Adam Braidwood

Photo : Adam Braidwood Crédit : Stevens LeBlanc/JOURNAL DE QUEBE

Boxe

Un pugiliste sorti de l’enfer

Publié | Mis à jour

Le destin d’Adam Braidwood semblait tout tracé sur les terrains de football. Or, une spirale infernale l’a entraîné jusqu’en prison après usage abusif de drogues et problèmes de santé mentale. Son combat de vendredi au Centre Vidéotron contre Éric Martel-Bahoeli se veut le chapitre inespéré dans l’histoire rocambolesque de sa vie.

Les deux poids lourds feront les frais de la demi-finale de la soirée, dans le championnat du monde de la WBU.
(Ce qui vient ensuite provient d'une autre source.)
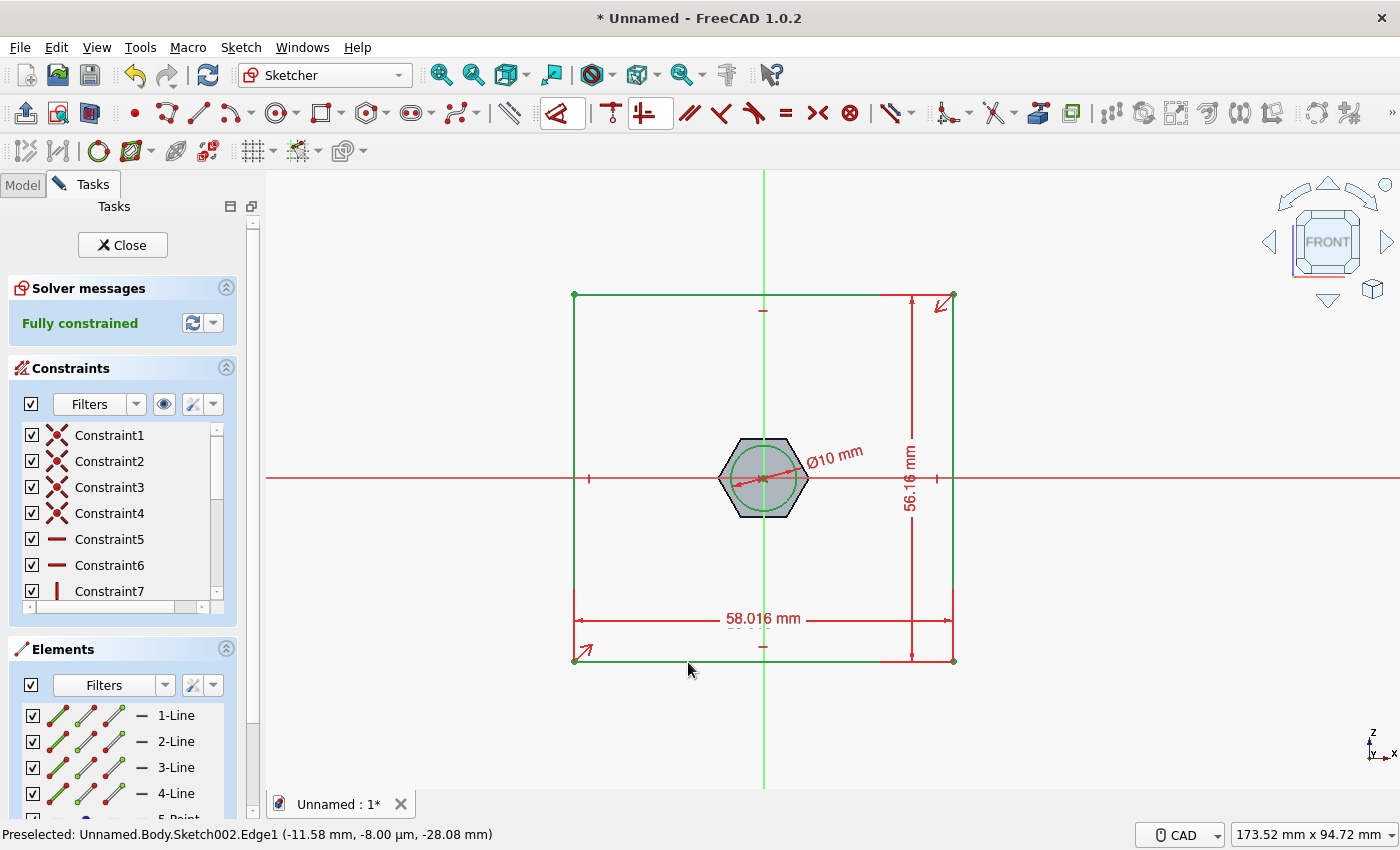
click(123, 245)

Mais le colosse de 6 pi 4 po et 250 lb originaire de la Colombie-Britannique ne s’en cache pas. Après une carrière sabotée avec les Eskimos d’Edmonton, dans la Ligue canadienne de football, c’est avec la faucheuse qu’il semblait condamné à prendre rendez-vous au bout de la route, plutôt qu’avec son rival de Québec.
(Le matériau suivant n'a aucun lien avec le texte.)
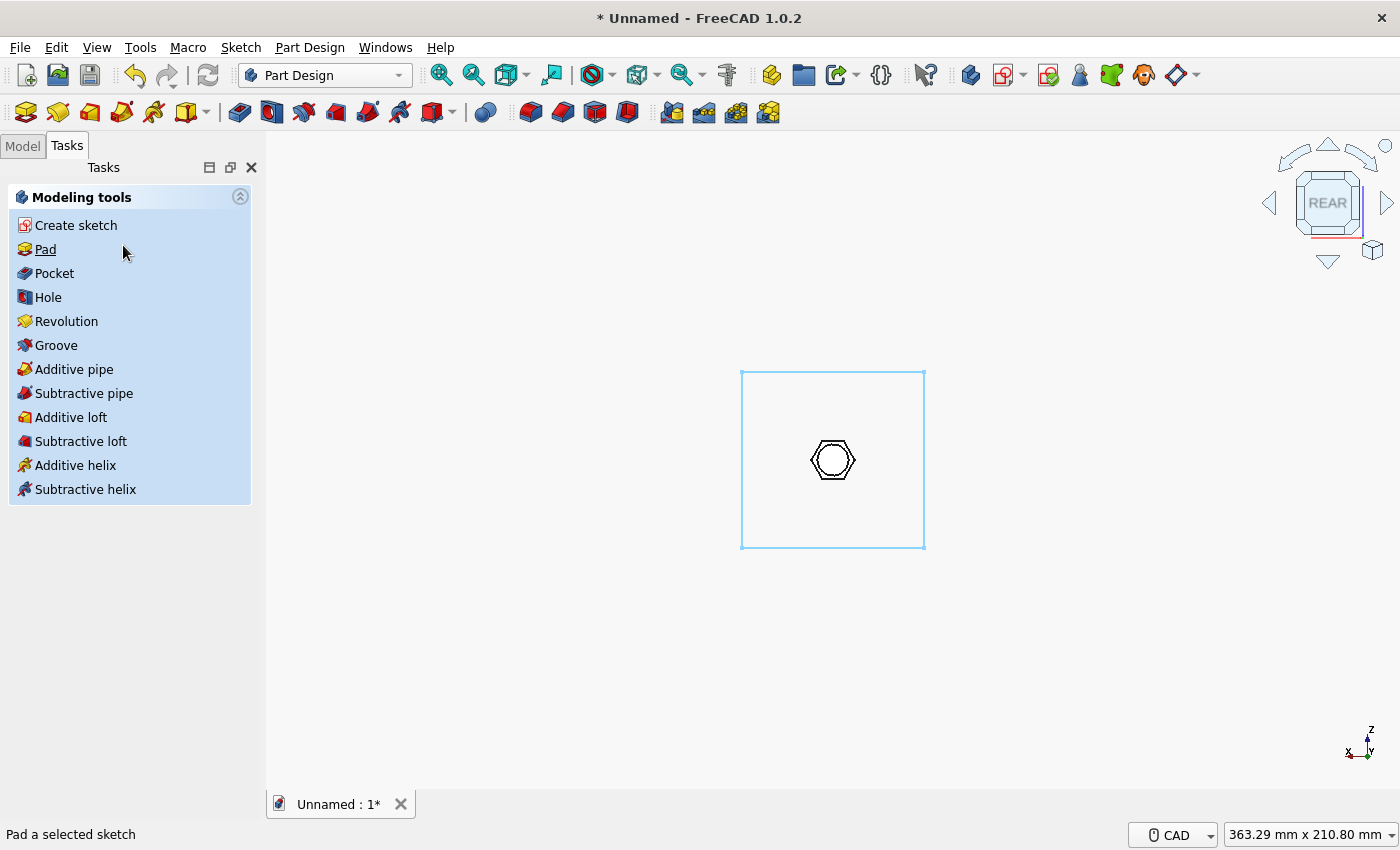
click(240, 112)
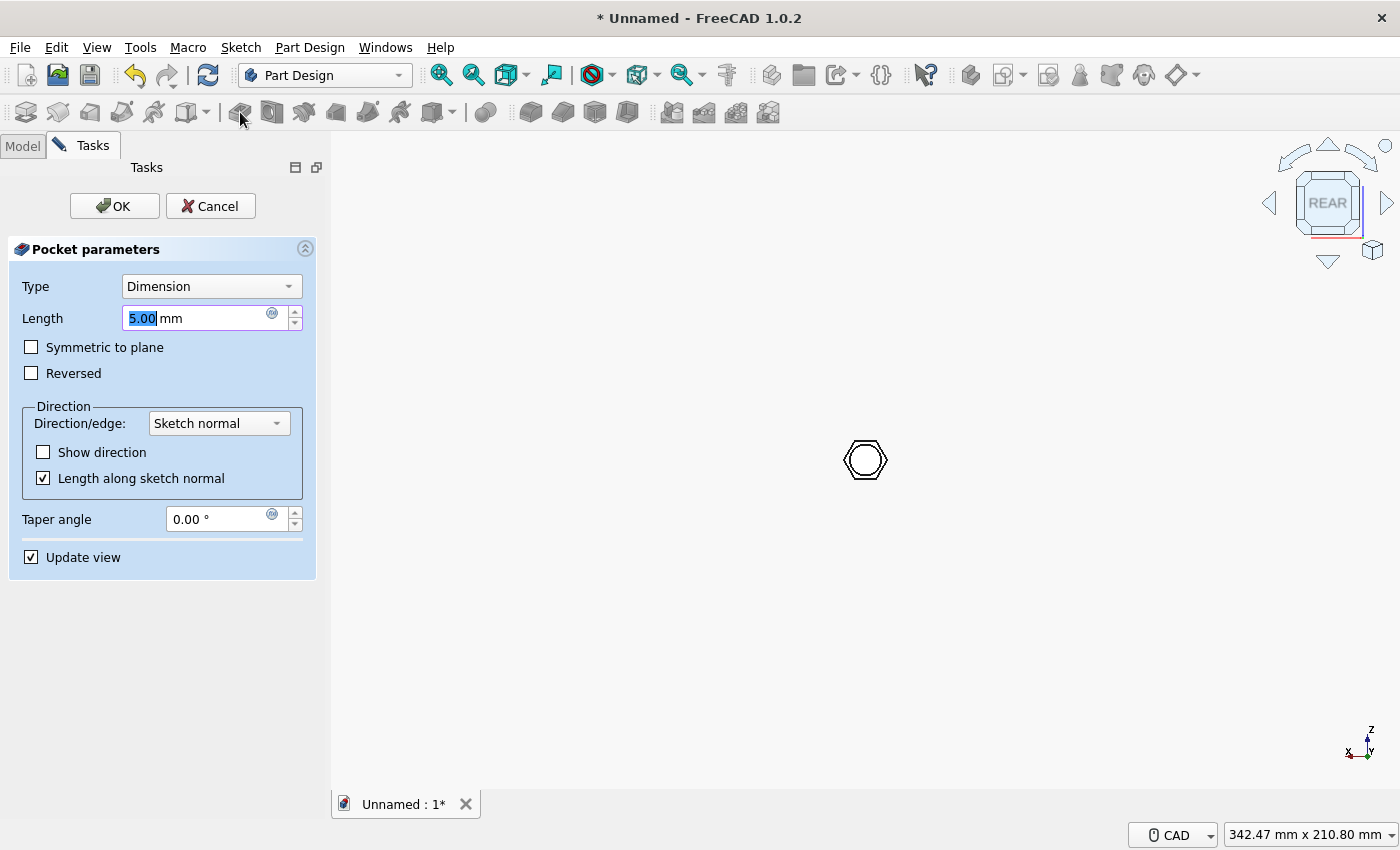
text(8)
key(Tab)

«J’ai poussé très souvent les limites et je ne devrais plus être ici. Je me suis placé dans des situations vraiment dangereuses. En comparaison de ce que j’ai fait et vu, la boxe et la compétition, c’est juste amusant», a confié Braidwood de sa voix caverneuse.

Cocktail d’accusations

Après une belle carrière universitaire à Washington State, le bœuf de l’Ouest s’est illustré en 2006 comme tout premier choix des Eskimos, étant élu recrue par excellence de l’équipe. Les blessures ont toutefois eu raison de son corps, et la dépendance aux médicaments antidouleur et à diverses drogues ont emporté ce qui restait de lui.

En 2010, Braidwood touchait le fond en se livrant à une agression sexuelle. Voies de fait graves, séquestration, menaces, possession d’arme et violation de ses conditions de libération conditionnelle ont aussi figuré à son «palmarès».

C’était, évidemment, la fin pour le football et, en 2013, la sentence tombait: quatre ans et demi derrière les barreaux.

«J’ai fait de très mauvais choix de vie. La prison m’a enlevé beaucoup, mais ce qu’elle m’a donné, c’est le focus sur mon objectif. Je savais en sortant que je devais faire quelque chose. Le combat a sauvé ma vie. Aujourd’hui, je ne mérite aucun traitement de faveur et tout ce que je peux promettre, c’est de me battre sérieusement parce que je sais ce que ça signifie de tout perdre», a-t-il expliqué sans détour.

La lumière

Tout au long de sa carrière de football, Braidwood affectionnait l’entraînement de boxe et d’arts martiaux mixtes. En 2009, avant d’atteindre le fond du baril, il avait même livré ses deux premiers combats de boxe professionnelle, une victoire et une défaite.

Depuis son retour en décembre 2015 après une peine écourtée, il a gagné ses cinq combats. Au total, il ne compte que 12 petits rounds derrière la cravate.

«Il [[Martel-Bahoeli] a beaucoup plus d’expérience, mais pour moi, il n’y a rien de mieux pour apprendre. Je ne me sauve jamais d’un bon combat. Je ne comprendrai jamais les poids lourds qui s’accrochent à se battre contre des gars avec des fiches de 4-10 ou 4-20. Aussi bien se taper un bon combat dur. Ma prédiction? On va se tabasser pas mal fort!» a promis celui qui gagne sa vie de tous les jours comme menuisier.

Une opportunité rêvée

Au moment où plusieurs se plaisent à lever le nez sur le peu d’envergure d’un titre WBU, Braidwood n’en a cure. Il est toujours en quête de sa ceinture la plus importante, celle qu’il s’efforce toujours de décrocher en combattant ses démons quotidiens.

«Plusieurs personnes gâchent leur vie sans se relever. J’ai pris la décision que ça ne m’arriverait pas. Je n’ai rien fait pour mériter cette chance pour un titre, mais je vais tout faire pour en profiter au maximum. Je suis reconnaissant que des gens se préoccupent toujours de moi et que j’hérite d’opportunités dont d’autres ne bénéficieront jamais», a-t-il plaidé.